Howdy from Cheecargo!
Texas is brown. I dislike Texas alot. It’s such a treat to sit out on a porch and remember that there is such a color as green and it is possible for plants to be alive. And I’m not sweating my booty off at 8:00 in the morning.
While I enjoy a lovely breakfast with different dishes 🙂 Ohhh the little things in life. I brought my handy dandy snackpack *just in case* so I had some Kashi cereal that was ready to be devoured with fresh (already-pitted) strawbs and half a banana.
My aunt is an incredible baker, and has been one of my main inspirations in opening a bakery in the future. These muffins are always freshly made when we come, because I’m obsessed to say the least. They’re cinnamon banana, with a crumb topping which cannot be beaten by even the darkest of chocolates.
Yesterday I said I was excited to get away from home and just relax with family without having to worry about work, school, blah blah blah. Still, I brought along my snackpack (which is almost gone already) and some workout DVDs so I could still be active and would have no excuses to get out of it.
Welp, this morning I was just not feeling working out at all. And you know where that left me? In an extreme guilty state, fretting over what’s going to happen to my body by the end of the day if I don’t get in some sort of workout. I contemplated skipping breakfast because I “couldn’t afford the calories” and I almost had a panic attack thinking about a second day off in a row.

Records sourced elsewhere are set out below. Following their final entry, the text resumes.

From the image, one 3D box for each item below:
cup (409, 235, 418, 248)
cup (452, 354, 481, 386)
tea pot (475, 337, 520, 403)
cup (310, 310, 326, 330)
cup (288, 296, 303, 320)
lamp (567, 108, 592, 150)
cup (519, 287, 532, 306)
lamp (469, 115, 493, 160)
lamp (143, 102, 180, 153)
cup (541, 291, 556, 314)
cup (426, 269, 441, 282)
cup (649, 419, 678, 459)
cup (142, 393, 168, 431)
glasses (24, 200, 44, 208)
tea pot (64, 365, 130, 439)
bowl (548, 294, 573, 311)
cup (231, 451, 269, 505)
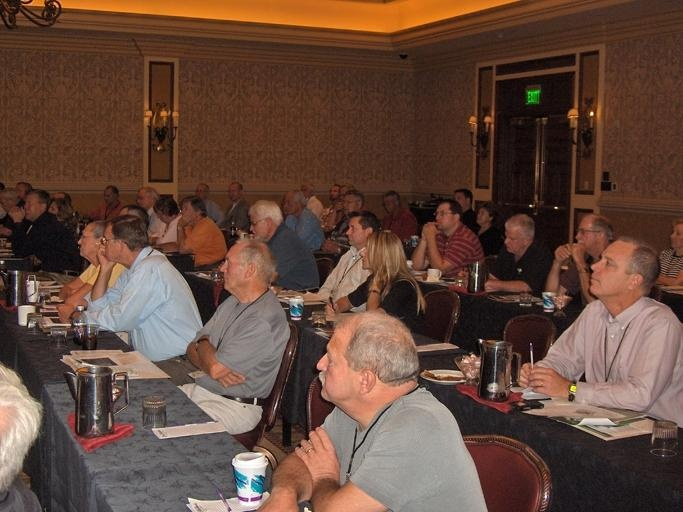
[{"bbox_3d":[1.097,-0.224,8.589,0.156,0.208,0.155,0,-1,0],"label":"cup"},{"bbox_3d":[0.633,0.576,2.826,0.120,0.093,0.119,-1,-5,0],"label":"cup"},{"bbox_3d":[0.692,0.520,2.526,0.199,0.248,0.156,5,-2,31],"label":"tea pot"},{"bbox_3d":[-0.176,0.452,4.031,0.110,0.081,0.098,4,5,26],"label":"cup"},{"bbox_3d":[-0.328,0.395,4.276,0.145,0.167,0.147,-1,1,0],"label":"cup"},{"bbox_3d":[3.951,-2.121,9.377,0.410,0.683,0.403,-7,9,-44],"label":"lamp"},{"bbox_3d":[1.594,0.361,4.856,0.126,0.144,0.131,0,-7,0],"label":"cup"},{"bbox_3d":[2.776,-2.361,11.226,0.199,0.861,0.461,-6,9,-39],"label":"lamp"},{"bbox_3d":[-3.666,-2.608,11.493,0.645,0.962,0.234,-3,8,-22],"label":"lamp"},{"bbox_3d":[1.651,0.366,4.508,0.135,0.145,0.132,1,-14,0],"label":"cup"},{"bbox_3d":[0.914,0.203,5.597,0.140,0.096,0.105,5,-6,-9],"label":"cup"},{"bbox_3d":[1.160,0.652,2.038,0.109,0.120,0.111,-1,-3,0],"label":"cup"},{"bbox_3d":[-0.709,0.587,2.137,0.104,0.114,0.104,0,3,0],"label":"cup"},{"bbox_3d":[-3.814,-0.632,7.013,0.164,0.092,0.121,0,0,-31],"label":"glasses"},{"bbox_3d":[-0.879,0.522,2.023,0.223,0.216,0.136,3,-3,-14],"label":"tea pot"},{"bbox_3d":[1.746,0.362,4.471,0.142,0.101,0.133,1,-11,0],"label":"bowl"},{"bbox_3d":[-0.257,0.631,1.640,0.131,0.137,0.131,0,-4,0],"label":"cup"}]

Okay, I am on vacation people. I’m not eating 8 Big Macs and 5 pounds of spaghetti in one sitting, so I probably won’t blow up like a whale overnight. I came to relax and already I’m stressing out more than I was back at home. Ach when does this end!
I said a quick prayer about it and surrendered my body and day to our freaking awesome God and was reminded that my body isn’t mine, and taking a few days off won’t hurt a thing. It’ll actually probably help. It will be challenging, but after
surviving enjoying Italy without a real workout for 8 days, I know I can make it through four days.
Do you deal with exercise guilt? How do you overcome it? Okay obviously there’s no hiding that I do, and usually instead of giving into the guilt, I challenge myself to take a few more days off than planned just to prove to my irrational mind that there is nothing wrong with resting!